BEGIN EXERCISE MATERIALS

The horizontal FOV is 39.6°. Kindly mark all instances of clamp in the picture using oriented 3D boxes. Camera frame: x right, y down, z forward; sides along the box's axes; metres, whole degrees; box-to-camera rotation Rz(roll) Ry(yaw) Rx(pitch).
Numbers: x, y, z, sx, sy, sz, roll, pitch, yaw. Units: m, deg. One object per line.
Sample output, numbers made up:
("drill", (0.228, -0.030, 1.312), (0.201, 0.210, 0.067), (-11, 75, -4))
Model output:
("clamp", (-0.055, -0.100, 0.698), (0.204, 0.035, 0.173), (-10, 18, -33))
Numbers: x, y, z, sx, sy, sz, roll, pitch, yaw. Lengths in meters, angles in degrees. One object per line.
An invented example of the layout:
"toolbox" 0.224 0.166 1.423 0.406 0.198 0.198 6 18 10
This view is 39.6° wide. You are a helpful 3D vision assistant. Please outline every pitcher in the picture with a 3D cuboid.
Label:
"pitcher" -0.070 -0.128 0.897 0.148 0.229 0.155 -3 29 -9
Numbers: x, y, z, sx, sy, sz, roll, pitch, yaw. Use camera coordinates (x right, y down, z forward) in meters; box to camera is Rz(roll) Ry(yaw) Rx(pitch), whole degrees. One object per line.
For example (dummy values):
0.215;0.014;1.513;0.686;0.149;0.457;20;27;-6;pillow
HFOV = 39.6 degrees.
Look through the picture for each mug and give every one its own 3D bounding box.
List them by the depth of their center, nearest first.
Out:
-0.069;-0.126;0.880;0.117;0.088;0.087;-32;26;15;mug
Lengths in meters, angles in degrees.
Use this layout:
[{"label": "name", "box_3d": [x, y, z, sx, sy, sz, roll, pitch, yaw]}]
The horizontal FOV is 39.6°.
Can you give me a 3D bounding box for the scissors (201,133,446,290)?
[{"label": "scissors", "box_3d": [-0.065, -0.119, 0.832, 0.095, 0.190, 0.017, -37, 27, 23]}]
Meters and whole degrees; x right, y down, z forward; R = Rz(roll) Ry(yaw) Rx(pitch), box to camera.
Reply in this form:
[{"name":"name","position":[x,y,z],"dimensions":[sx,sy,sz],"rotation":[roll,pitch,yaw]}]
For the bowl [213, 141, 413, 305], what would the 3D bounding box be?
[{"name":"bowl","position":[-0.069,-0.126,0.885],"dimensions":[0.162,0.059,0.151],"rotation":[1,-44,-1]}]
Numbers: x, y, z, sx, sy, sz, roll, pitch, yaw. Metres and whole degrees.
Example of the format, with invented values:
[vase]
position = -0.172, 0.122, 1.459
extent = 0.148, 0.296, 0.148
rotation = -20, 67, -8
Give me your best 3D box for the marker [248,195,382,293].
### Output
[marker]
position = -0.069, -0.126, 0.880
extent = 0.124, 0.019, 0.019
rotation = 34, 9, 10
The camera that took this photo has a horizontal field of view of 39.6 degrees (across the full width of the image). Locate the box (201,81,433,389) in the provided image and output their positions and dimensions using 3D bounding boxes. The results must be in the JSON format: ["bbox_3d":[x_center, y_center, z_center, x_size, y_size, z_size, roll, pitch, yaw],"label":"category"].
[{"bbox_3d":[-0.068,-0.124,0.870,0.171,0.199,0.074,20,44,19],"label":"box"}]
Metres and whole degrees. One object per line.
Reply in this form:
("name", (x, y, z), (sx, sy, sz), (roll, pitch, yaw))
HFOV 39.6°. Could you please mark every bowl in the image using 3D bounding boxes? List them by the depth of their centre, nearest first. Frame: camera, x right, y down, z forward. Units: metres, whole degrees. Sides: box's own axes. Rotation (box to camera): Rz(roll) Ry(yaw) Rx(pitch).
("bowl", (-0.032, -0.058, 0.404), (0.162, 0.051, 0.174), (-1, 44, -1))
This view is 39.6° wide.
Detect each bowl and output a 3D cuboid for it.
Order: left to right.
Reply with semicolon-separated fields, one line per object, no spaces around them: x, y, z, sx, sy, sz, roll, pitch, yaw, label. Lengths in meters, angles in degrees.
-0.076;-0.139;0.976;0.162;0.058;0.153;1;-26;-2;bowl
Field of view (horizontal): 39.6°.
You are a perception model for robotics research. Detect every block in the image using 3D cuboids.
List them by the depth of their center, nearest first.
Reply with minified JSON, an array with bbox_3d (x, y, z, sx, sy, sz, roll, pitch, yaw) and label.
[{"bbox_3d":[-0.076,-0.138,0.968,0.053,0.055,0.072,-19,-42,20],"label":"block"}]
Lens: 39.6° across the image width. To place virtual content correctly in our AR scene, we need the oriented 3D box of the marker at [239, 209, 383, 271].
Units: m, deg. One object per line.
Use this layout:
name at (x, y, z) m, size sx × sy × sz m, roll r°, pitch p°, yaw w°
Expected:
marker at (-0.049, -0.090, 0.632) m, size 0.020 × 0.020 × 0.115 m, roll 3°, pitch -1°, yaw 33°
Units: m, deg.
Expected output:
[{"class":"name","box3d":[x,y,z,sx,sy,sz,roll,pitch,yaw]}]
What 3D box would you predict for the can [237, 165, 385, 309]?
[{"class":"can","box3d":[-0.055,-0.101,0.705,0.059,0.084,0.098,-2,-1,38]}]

END EXERCISE MATERIALS

• EXERCISE INSTRUCTIONS: Please give each line above again, word for word.

• ANSWER SECTION:
The horizontal FOV is 39.6°. Kindly mark all instances of clamp in the picture using oriented 3D boxes. Camera frame: x right, y down, z forward; sides along the box's axes; metres, whole degrees; box-to-camera rotation Rz(roll) Ry(yaw) Rx(pitch).
Numbers: x, y, z, sx, sy, sz, roll, pitch, yaw. Units: m, deg. One object per line.
Sample output, numbers made up:
("drill", (0.228, -0.030, 1.312), (0.201, 0.210, 0.067), (-11, 75, -4))
Model output:
("clamp", (-0.055, -0.100, 0.698), (0.204, 0.035, 0.173), (-10, 18, -33))
Numbers: x, y, z, sx, sy, sz, roll, pitch, yaw. Lengths in meters, angles in degrees. One object per line.
An invented example of the layout:
"toolbox" 0.224 0.166 1.423 0.406 0.198 0.198 6 18 10
This view is 39.6° wide. You are a helpful 3D vision assistant. Please outline every pitcher in the picture with a 3D cuboid.
Label:
"pitcher" -0.070 -0.128 0.897 0.148 0.229 0.155 -3 29 -9
Numbers: x, y, z, sx, sy, sz, roll, pitch, yaw. Use camera coordinates (x right, y down, z forward) in meters; box to camera is Rz(roll) Ry(yaw) Rx(pitch), whole degrees. One object per line.
For example (dummy values):
0.215;0.014;1.513;0.686;0.149;0.457;20;27;-6;pillow
HFOV = 39.6 degrees.
Look through the picture for each mug and give every one its own 3D bounding box.
List them by the depth of their center, nearest first.
Out:
-0.069;-0.126;0.880;0.117;0.088;0.087;-32;26;15;mug
Lengths in meters, angles in degrees.
Use this layout:
[{"label": "name", "box_3d": [x, y, z, sx, sy, sz, roll, pitch, yaw]}]
The horizontal FOV is 39.6°.
Can you give me a 3D bounding box for the scissors (201,133,446,290)?
[{"label": "scissors", "box_3d": [-0.065, -0.119, 0.832, 0.095, 0.190, 0.017, -37, 27, 23]}]
Meters and whole degrees; x right, y down, z forward; R = Rz(roll) Ry(yaw) Rx(pitch), box to camera.
Reply in this form:
[{"name":"name","position":[x,y,z],"dimensions":[sx,sy,sz],"rotation":[roll,pitch,yaw]}]
For the bowl [213, 141, 413, 305], what would the 3D bounding box be?
[{"name":"bowl","position":[-0.069,-0.126,0.885],"dimensions":[0.162,0.059,0.151],"rotation":[1,-44,-1]}]
Numbers: x, y, z, sx, sy, sz, roll, pitch, yaw. Metres and whole degrees.
Example of the format, with invented values:
[vase]
position = -0.172, 0.122, 1.459
extent = 0.148, 0.296, 0.148
rotation = -20, 67, -8
Give me your best 3D box for the marker [248,195,382,293].
### Output
[marker]
position = -0.069, -0.126, 0.880
extent = 0.124, 0.019, 0.019
rotation = 34, 9, 10
The camera that took this photo has a horizontal field of view of 39.6 degrees (across the full width of the image). Locate the box (201,81,433,389) in the provided image and output their positions and dimensions using 3D bounding boxes. The results must be in the JSON format: ["bbox_3d":[x_center, y_center, z_center, x_size, y_size, z_size, roll, pitch, yaw],"label":"category"].
[{"bbox_3d":[-0.068,-0.124,0.870,0.171,0.199,0.074,20,44,19],"label":"box"}]
Metres and whole degrees. One object per line.
Reply in this form:
("name", (x, y, z), (sx, sy, sz), (roll, pitch, yaw))
HFOV 39.6°. Could you please mark every bowl in the image using 3D bounding boxes? List them by the depth of their centre, nearest first. Frame: camera, x right, y down, z forward. Units: metres, whole degrees. Sides: box's own axes. Rotation (box to camera): Rz(roll) Ry(yaw) Rx(pitch).
("bowl", (-0.032, -0.058, 0.404), (0.162, 0.051, 0.174), (-1, 44, -1))
This view is 39.6° wide.
Detect each bowl and output a 3D cuboid for it.
Order: left to right.
Reply with semicolon-separated fields, one line per object, no spaces around them: x, y, z, sx, sy, sz, roll, pitch, yaw, label. Lengths in meters, angles in degrees.
-0.076;-0.139;0.976;0.162;0.058;0.153;1;-26;-2;bowl
Field of view (horizontal): 39.6°.
You are a perception model for robotics research. Detect every block in the image using 3D cuboids.
List them by the depth of their center, nearest first.
Reply with minified JSON, an array with bbox_3d (x, y, z, sx, sy, sz, roll, pitch, yaw) and label.
[{"bbox_3d":[-0.076,-0.138,0.968,0.053,0.055,0.072,-19,-42,20],"label":"block"}]
Lens: 39.6° across the image width. To place virtual content correctly in our AR scene, we need the oriented 3D box of the marker at [239, 209, 383, 271].
Units: m, deg. One object per line.
Use this layout:
name at (x, y, z) m, size sx × sy × sz m, roll r°, pitch p°, yaw w°
Expected:
marker at (-0.049, -0.090, 0.632) m, size 0.020 × 0.020 × 0.115 m, roll 3°, pitch -1°, yaw 33°
Units: m, deg.
Expected output:
[{"class":"name","box3d":[x,y,z,sx,sy,sz,roll,pitch,yaw]}]
What 3D box would you predict for the can [237, 165, 385, 309]?
[{"class":"can","box3d":[-0.055,-0.101,0.705,0.059,0.084,0.098,-2,-1,38]}]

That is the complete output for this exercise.